• Problem details
Search the material below for the string "rotate" and extract each line that has it.

• Data supplied
──────

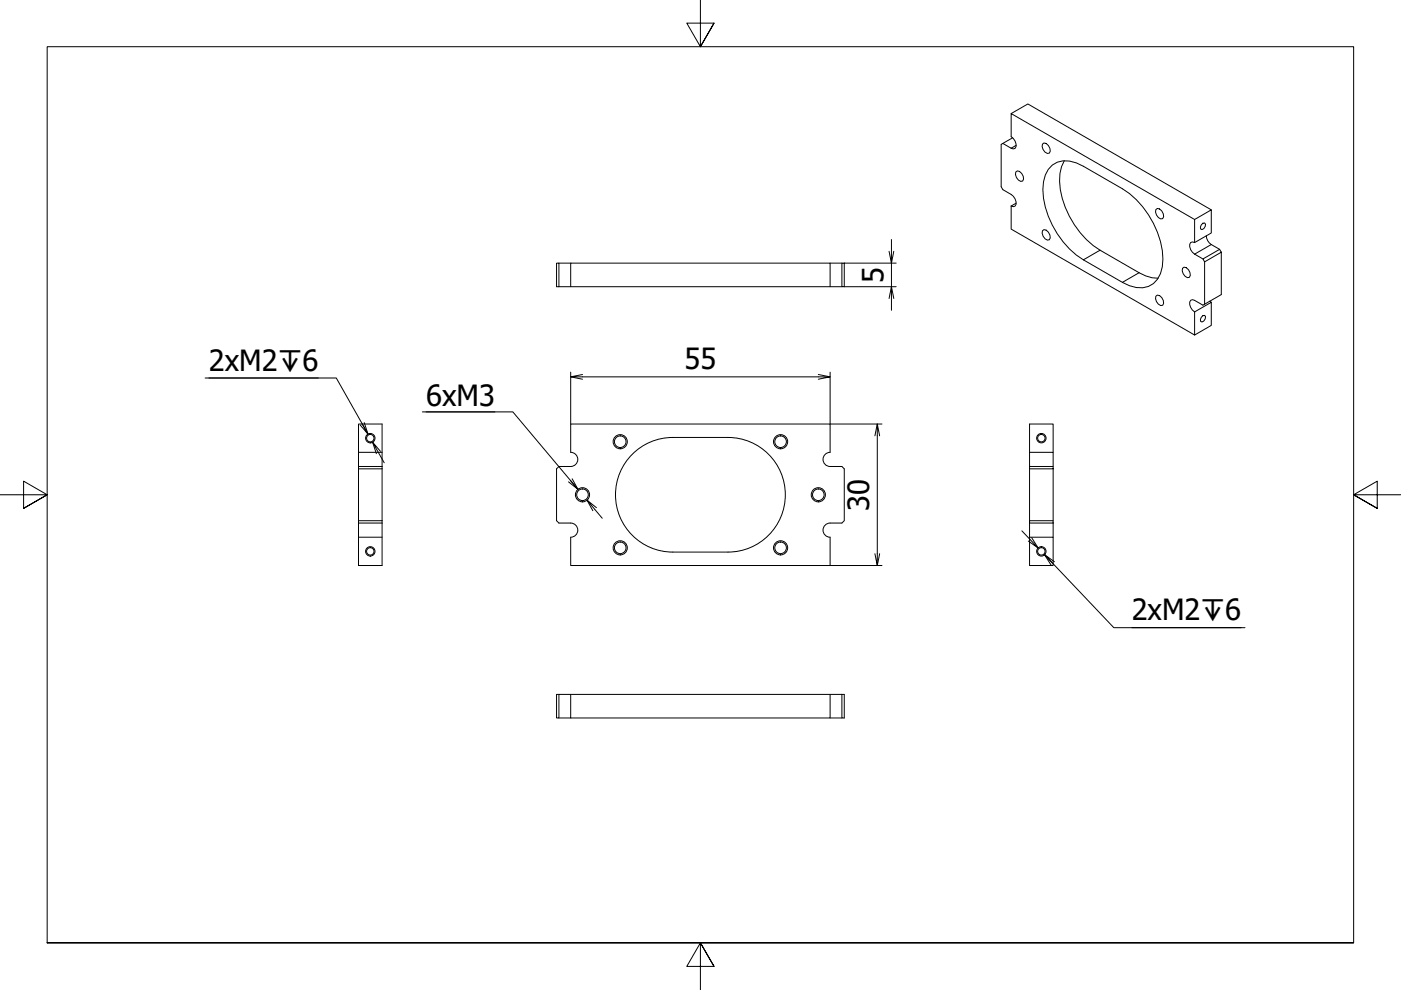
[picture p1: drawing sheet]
<svg xmlns="http://www.w3.org/2000/svg" width="297mm" height="210mm" viewBox="0 0 297 210" stroke-linecap="round" stroke-linejoin="round" font-family="sans-serif">
<defs><g id="words">
<g font-size="6.2">
<text x="187.3" y="60" transform="rotate(-90 187.3 60)">5</text>
<text x="44.3" y="78.6">2xM2↧6</text>
<text x="145.1" y="78.2">55</text>
<text x="90.3" y="86.1">6xM3</text>
<text x="184.3" y="108.3" transform="rotate(-90 184.3 108.3)">30</text>
<text x="240" y="131.6">2xM2↧6</text>
</g>
</g></defs>
<!-- layer: Visible (ISO) -->
<g fill="none" stroke="#000" stroke-width=".21">
<path d="M212.6 30.4l1.8 1 .4 .2 .4-.1a1.8 1.8 0 0 0-.8-2.5v-4.9l38.9 22.4v4.9M212.6 30.4l-.3 .2v9l.3 .6a3.7 3.7 0 0 1 2.8 2.6v.5l-.2 .4-.4 .1-.4-.1M214.4 24.1l3.5-2.1 38.9 22.5M214.7 29.2l-2.1 1.2M215.4 36.5l.3-.3a1.52 1.52 0 0 1 1.1 2.2 1.4 1.4 0 0 1-1.4-1.9zM221 30.6l.3-.3a1.52 1.52 0 0 1 1.2 2.2 1.4 1.4 0 0 1-1.5-1.9zM223.1 35a5.1 5.1 0 0 1 5.1-.5l1.5 .8 8.3 4.7a19 19 0 0 1 8.6 14.9 5.9 5.9 0 0 1-3.1 5.8 6.5 6.5 0 0 1-5.5-.8l-8.3-4.8a19 19 0 0 1-8.6-14.9 6.5 6.5 0 0 1 2-5.2zM225.7 34.1a11.5 11.5 0 0 0 .2 9.9 18.7 18.7 0 0 0 7.3 9l8.3 4.8 1.4 .7 1.4 .4 1.2 .1M118 55.8h.5v5h-.5zM118.5 55.8h2.5M176 55.8h2.5M178.5 55.8h.5v5h-.5z"/>
<path d="M214.4 43.7v4.9l38.9 22.4v-4.9M215.5 43.1l-1.1 .6M221 48.9l.3-.2a1.52 1.52 0 0 1 1.2 2.1 1.4 1.4 0 0 1-1.5-1.9zM245.1 44.4l.3-.2a1.51 1.51 0 0 1 1.1 2.1 1.4 1.4 0 0 1-1.4-1.9zM250.7 56.9l.3-.3a1.51 1.51 0 0 1 1.2 2.2 1.4 1.4 0 0 1-1.5-1.9zM253.3 51.4l-.5-.1-.4 .1a1.79 1.79 0 0 0 .9 2.5l1.7 1M253.3 46.5l3.5-2v4.9l-3.5 2M255 54.9l3.6-2 .3 .6-3.5 2zM255 47.3h.4a.92 .92 0 0 1-.5 1.4l-.3-.1-.1-.4zM255.4 55.5v9M255.8 50a2.33 2.33 0 0 0 1 1.8l1.8 1.1M258.9 53.5v9l-3.5 2"/>
<path d="M118.5 60.8h60M121 60.8v-5h55v5M245.1 62.8l.3-.2a1.51 1.51 0 0 1 1.1 2.1 1.41 1.41 0 0 1-1.4-1.9zM253.3 66.1l3.5-2v4.9l-3.5 2M255 66.9h.4a.92 .92 0 0 1-.5 1.4l-.3-.1-.1-.4zM255.4 64.5l-.4 .2-1.7-1-.5-.2-.4 .2a1.79 1.79 0 0 0 .9 2.4M256.5 63.9l.3 .2M76 95.9v3M76 99.4v11M81 95.9h-5v-6h5v9M81 98.9h-5v.5h5M81 98.9v12"/>
<path d="M121 89.9h55v6a1.5 1.5 0 0 0-1.5 1.5 1.5 1.5 0 0 0 1.5 1.5h2.5l.5 .5v11l-.5 .5h-2.5a1.5 1.5 0 0 0-1.5 1.5 1.5 1.5 0 0 0 1.5 1.5v6h-55v-6a1.5 1.5 0 0 0 1.5-1.5 1.5 1.5 0 0 0-1.5-1.5h-2.5l-.5-.5v-11l.5-.5h2.5a1.5 1.5 0 0 0 1.5-1.5 1.5 1.5 0 0 0-1.5-1.5zM134.1 96.3a12.1 12.1 0 0 1 8.6-3.5h11.7a12.2 12.2 0 0 1 12.1 12.1 12.2 12.2 0 0 1-12.1 12.2h-11.7a12.2 12.2 0 0 1-11.3-7.5 12.2 12.2 0 0 1 2.7-13.3zM218.3 98.9h5v.5h-5zM218.3 95.9h5v3M218.3 99.4v11M223.3 95.9v-6h-5v9M223.3 99.4v11M76 110.9v3h5M81 110.9v9h-5v-6M81 110.4h-5v.5h5M218.3 110.4h5v.5h-5zM218.3 110.9v9h5v-6h-5"/>
<path d="M223.3 110.9v3M118.5 147.2h-.5v5h.5v-5h60M121 147.2v5h-2.5M176 147.2v5h-55M176 152.2h2.5M178.5 147.2h.5v5h-.5z"/>
<circle cx="78.5" cy="92.9" r=".79"/>
<circle cx="131.5" cy="93.7" r="1.23"/>
<circle cx="165.5" cy="93.7" r="1.23"/>
<circle cx="220.8" cy="92.9" r=".79"/>
<circle cx="78.5" cy="116.9" r=".79"/>
<circle cx="123.5" cy="104.9" r="1.23"/>
<circle cx="131.5" cy="116.2" r="1.23"/>
<circle cx="165.5" cy="116.2" r="1.23"/>
<circle cx="173.5" cy="104.9" r="1.23"/>
<circle cx="220.8" cy="116.9" r=".79"/>
</g>
<!-- layer: Visible Narrow (ISO) -->
<g fill="none" stroke="#000" stroke-width=".21">
<path d="M215.5 30.8l-1.1 .6M233.2 53l-3.5 2.1M241.5 57.8l-3.5 2.1M256.8 51.8l-3.5 2.1"/>
<circle cx="78.5" cy="92.9" r="1"/>
<circle cx="131.5" cy="93.7" r="1.5"/>
<circle cx="165.5" cy="93.7" r="1.5"/>
<circle cx="220.8" cy="92.9" r="1"/>
<circle cx="78.5" cy="116.9" r="1"/>
<circle cx="123.5" cy="104.9" r="1.5"/>
<circle cx="131.5" cy="116.2" r="1.5"/>
<circle cx="165.5" cy="116.2" r="1.5"/>
<circle cx="173.5" cy="104.9" r="1.5"/>
<circle cx="220.8" cy="116.9" r="1"/>
</g>
<!-- layer: Border (ISO) -->
<path d="M148.5 0v9.9l-2.9-5h5.8l-2.9 5 2.9-5M0 104.9h10l-5-2.9v5.8l5-2.9-5 2.9M297 104.9h-10l5-2.9v5.8l-5-2.9 5 2.9M10 199.9v-190h277v190h-277h277M151.4 204.9l-2.9-5 2.9 5h-5.8l2.9-5v10" fill="none" stroke="#000" stroke-width=".21"/>
<!-- layer: Dimension (ISO) -->
<g fill="none" stroke="#000" stroke-width=".21">
<path d="M179 55.8h11M189 50.8v5l-.5-2.5M189.5 53.3l-.5 2.5v5l-.5 2.5M121 79.9l2.5 .5M121 78.9v11M123.5 79.4l-2.5 .5h55l-2.5 .5M173.5 79.4l2.5 .5M176 78.9v11h11M179 60.8h11M189.5 63.3l-.5-2.5v5M43.5 80.1h27.8l6.7 11.9-.8-2.4M44.3 80.1h23.2"/>
<path d="M76.8 89.9l1.2 2.1-1.6-1.9M79 93.8l.8 2.4M80.7 95.7l-1.7-1.9 2.5 4.3M89.5 87.3h19.2l13.8 16.5-1.2-2.3M90.3 87.3h14.6M186 89.9l-.5 2.5M186.5 92.4l-.5-2.5v30l-.5-2.5M120.9 101.8l1.6 2-2-1.6M124.5 106l1.2 2.3M126.5 107.6l-2-1.6 3.2 3.9M176 119.9h11M186.5 117.4l-.5 2.5"/>
<path d="M216.7 112.6l3.4 3.6-2.1-1.5M218.7 114l1.4 2.2M222.8 119.8l-1.3-2.2 14.7 15.5h27.8M223.6 119.1l-2.1-1.5 1.7 1.8M240 133.1h23.2"/>
</g>
<use href="#words"/>
</svg>

──────

• Answer
<text x="187.3" y="60" transform="rotate(-90 187.3 60)">5</text>
<text x="184.3" y="108.3" transform="rotate(-90 184.3 108.3)">30</text>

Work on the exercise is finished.